Tive o prazer de ver a exposição e estar presente no lançamento de Sobrevida no Mundo Fantasma e conhecer os seus autores. Carlos Pinheiro e Nuno Sousa ainda fizeram o favor de autografar, com direito a desenho personalizado e tudo, a cópia que decidi imediatamente comprar. Agora que li, fico ainda mais contente por ter aproveitado a oportunidade.
Sobrevida é um trabalho a dois com paralelismos a vários níveis entre as visões de cada autor, explorando a área semântica do conceito que lhe dá nome. Temos a primeira e a segunda parte, a noite e o dia, um grupo e um individuo, a acção e a introspecção, duas demonstrações do que pode ser sobreviver, continuar a viver depois da morte de outro ou da morte de parte de nós ou resistir e escapar a situações potencialmente fatais, mas também significar viver pouco, sem qualidade, no limiar, satisfazendo somente as necessidades básicas. Mesmo a palavra sobrevida pode ter aqui uma interpretação dupla, por um lado a ideia de ser um trabalho sobre a vida, por outro referir-se ao conceito médico de sobrevida que corresponde ao tempo de vida após diagnóstico de doença fatal. A capa funde estas duas visões na capa, em que o estilo do Nuno Sousa ilustra uma cena da história de Carlos Pinheiro e avisa o leitor de que, mesmo havendo as duas partes, é no todo que se interpreta esta obra.
A primeira parte da história é "a noite" de Carlos Pinheiro, onde seguimos um grupo de jovens que fingem morrer (ou morrem mesmo de tédio) e depois, libertados por essa transição, pela perda do que os prende à vida - ou será do que os prende na vida? - saem pela cidade onde, sozinhos e sem controlo externo, a exercem a sua liberdade através de atitudes desde a violência à sexualidade. Aqui temos um desenho a preto e branco, com poucas pistas descritivas da acção que decorre, em jeito de diário. A segunda parte é "o dia" de Nuno Sousa, no qual espreitamos a mente de um indivíduo mais velho cuja vida - estilo de vida? qualidade de vida? - foi destruída e avalia o seu quotidiano, quase em discurso directo para o leitor. Aqui o tédio e a desmotivação permeiam toda a história até ao apogeu final. A ilustração é agora a cores, com o texto, seja descrição, seja pensamento do personagem, seja até diálogo entre dois, sempre numa só caixa.

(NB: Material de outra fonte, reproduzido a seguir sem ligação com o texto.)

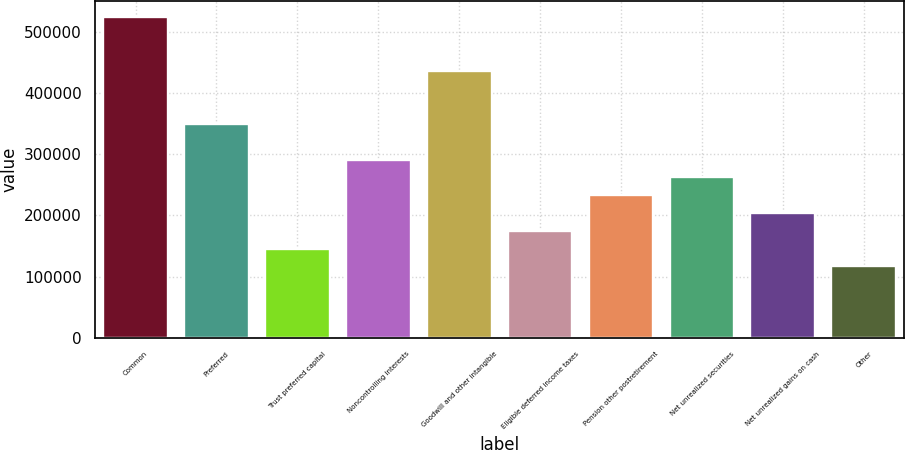Convert chart. <chart><loc_0><loc_0><loc_500><loc_500><bar_chart><fcel>Common<fcel>Preferred<fcel>Trust preferred capital<fcel>Noncontrolling interests<fcel>Goodwill and other intangible<fcel>Eligible deferred income taxes<fcel>Pension other postretirement<fcel>Net unrealized securities<fcel>Net unrealized gains on cash<fcel>Other<nl><fcel>524559<fcel>349709<fcel>145718<fcel>291426<fcel>437134<fcel>174859<fcel>233143<fcel>262284<fcel>204001<fcel>116576<nl></chart>

Sobrevida é uma banda-desenhada simples e intimista, que pede algum envolvimento emocional ao leitor e que acabou por me deixar a pensar que sobreviver não tem qualquer interesse, que mais vale viver com tudo o que a vida parece ter para oferecer ou então morrer mesmo, que o intermédio, a espera, a moratória, o limiar, o básico não passa de uma tortura.
Não consigo deixar de relacionar o que senti com esta leitura com o que acontece no mundo hoje em dia. A ideia de austeridade, de sacrificar tudo em nome de um qualquer futuro, de outra geração, de cumprir compromissos de outros não passa de um embuste cujo objectivo é criar um grupo de indivíduos sobreviventes conformados que na verdade nunca vão viver, vão apenas ser escravos entre o tédio e o suplício à espera da sua libertação, nem que seja pela morte.
Se ainda encontrarem cópias à venda folheiem e se, como eu, forem fãs da ilustração e da temática, comprem que não se vão arrepender e vale sempre a pena apoiar estes projectos e seus autores. Para espicaçar a curiosidade, deixo-vos com o texto que serve tanto de blurb como de final da história:
"Dizem que a Sobrevida é a existência - ou coisa parecida - de quem já não vive neste mundo, mas ainda não encontrou o seu rumo. Da vida real apenas conserva a semelhança. Alimenta-se das suas imagens (venera-as, são o seu amuleto), ronda-as em círculos a cada volta mais distantes do centro.
A Sobrevida, diz-se, é uma espécie de revivescência - sensação de vida.
Espíritos, espectros, almas penadas perseguem aquilo que já foram, podiam ter sido ou virão a ser (para sempre, nunca mais).
Diz-se que da Sobrevida apenas podemos conhecer aquilo que se conta. Diz-se muita coisa e tudo é insuficiente (ainda).
De qualquer forma, já cá não está quem falou."